(Dataset items)
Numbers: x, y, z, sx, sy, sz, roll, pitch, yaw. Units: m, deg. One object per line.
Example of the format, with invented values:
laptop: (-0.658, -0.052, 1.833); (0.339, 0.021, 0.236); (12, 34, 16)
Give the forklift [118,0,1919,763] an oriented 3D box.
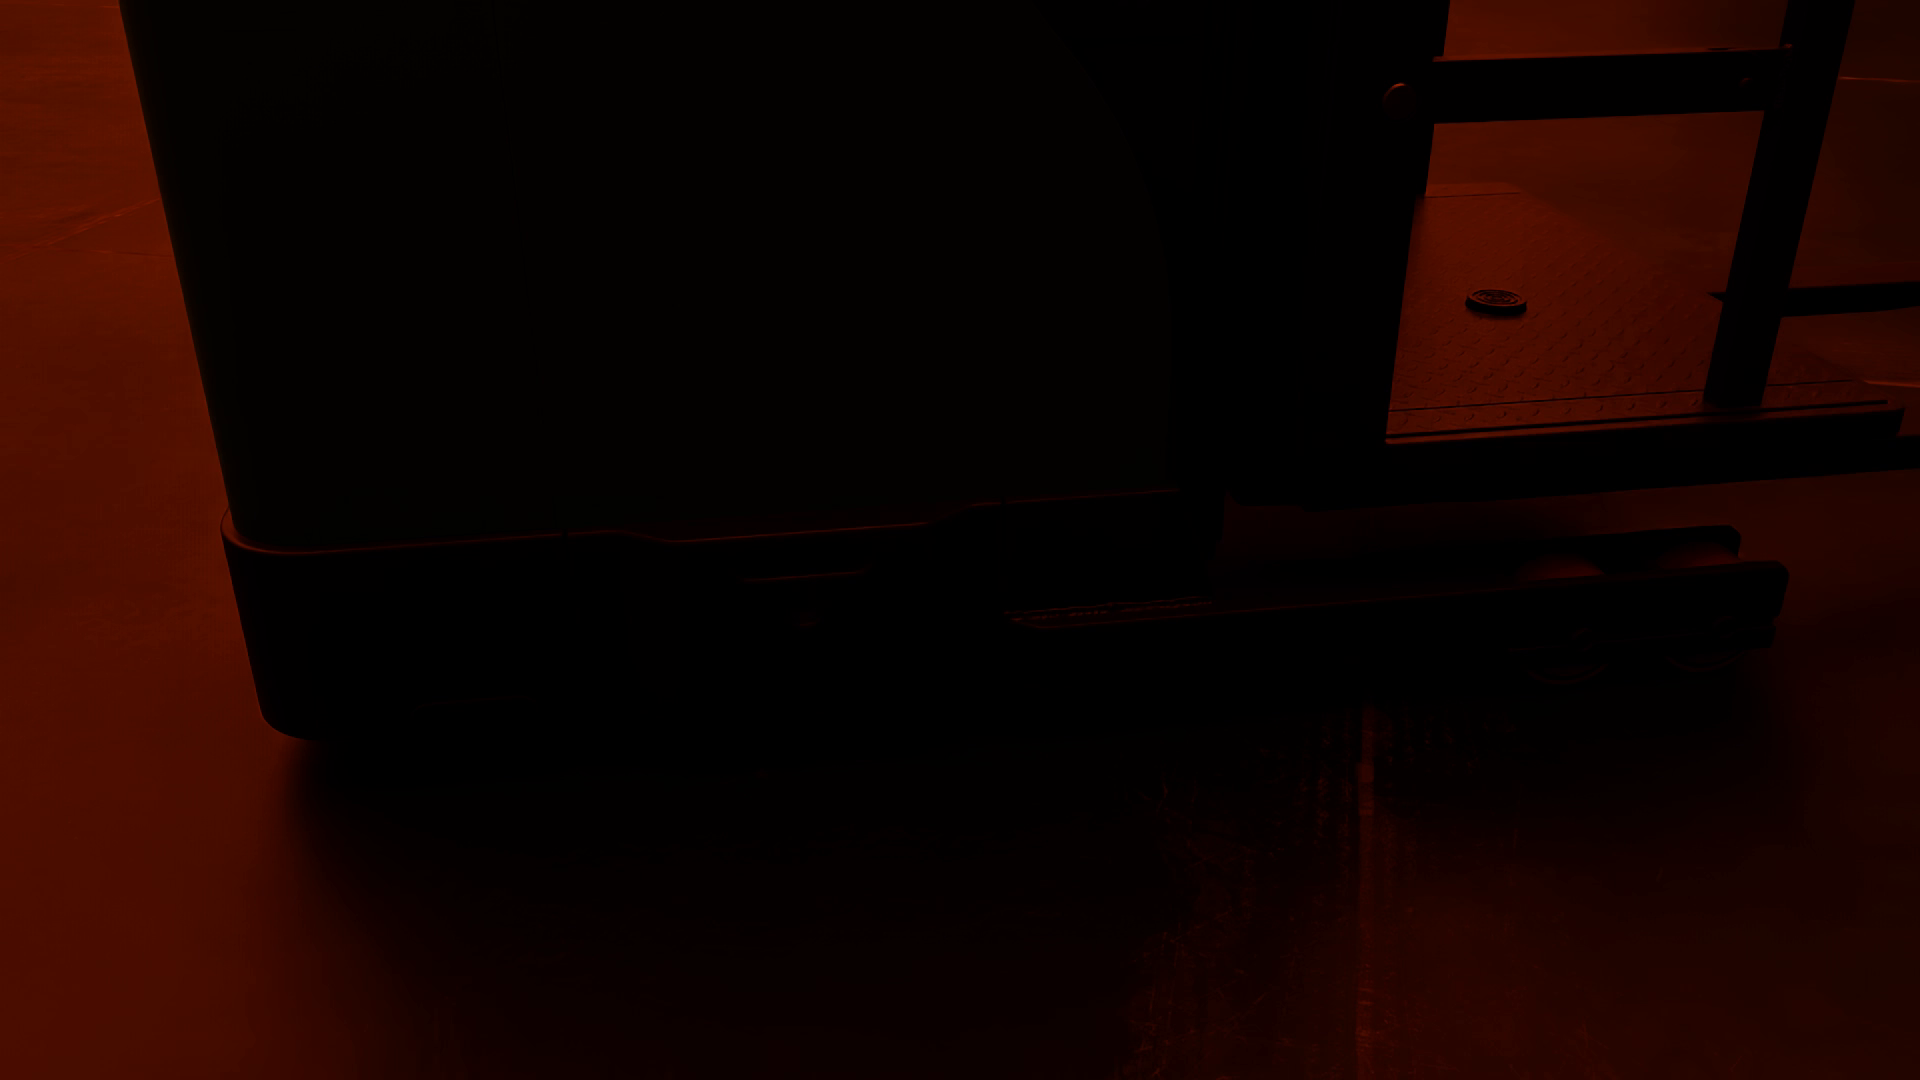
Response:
forklift: (0.600, -1.354, 1.930); (3.031, 2.935, 1.130); (-4, 27, -9)

### Activity
For the entries above, return an exact copy that omits the images.

### Your response
Numbers: x, y, z, sx, sy, sz, roll, pitch, yaw. Units: m, deg. One object per line.
Example of the format, with invented values:
laptop: (-0.658, -0.052, 1.833); (0.339, 0.021, 0.236); (12, 34, 16)
Give the forklift [118,0,1919,763] an oriented 3D box.
Response:
forklift: (0.600, -1.354, 1.930); (3.031, 2.935, 1.130); (-4, 27, -9)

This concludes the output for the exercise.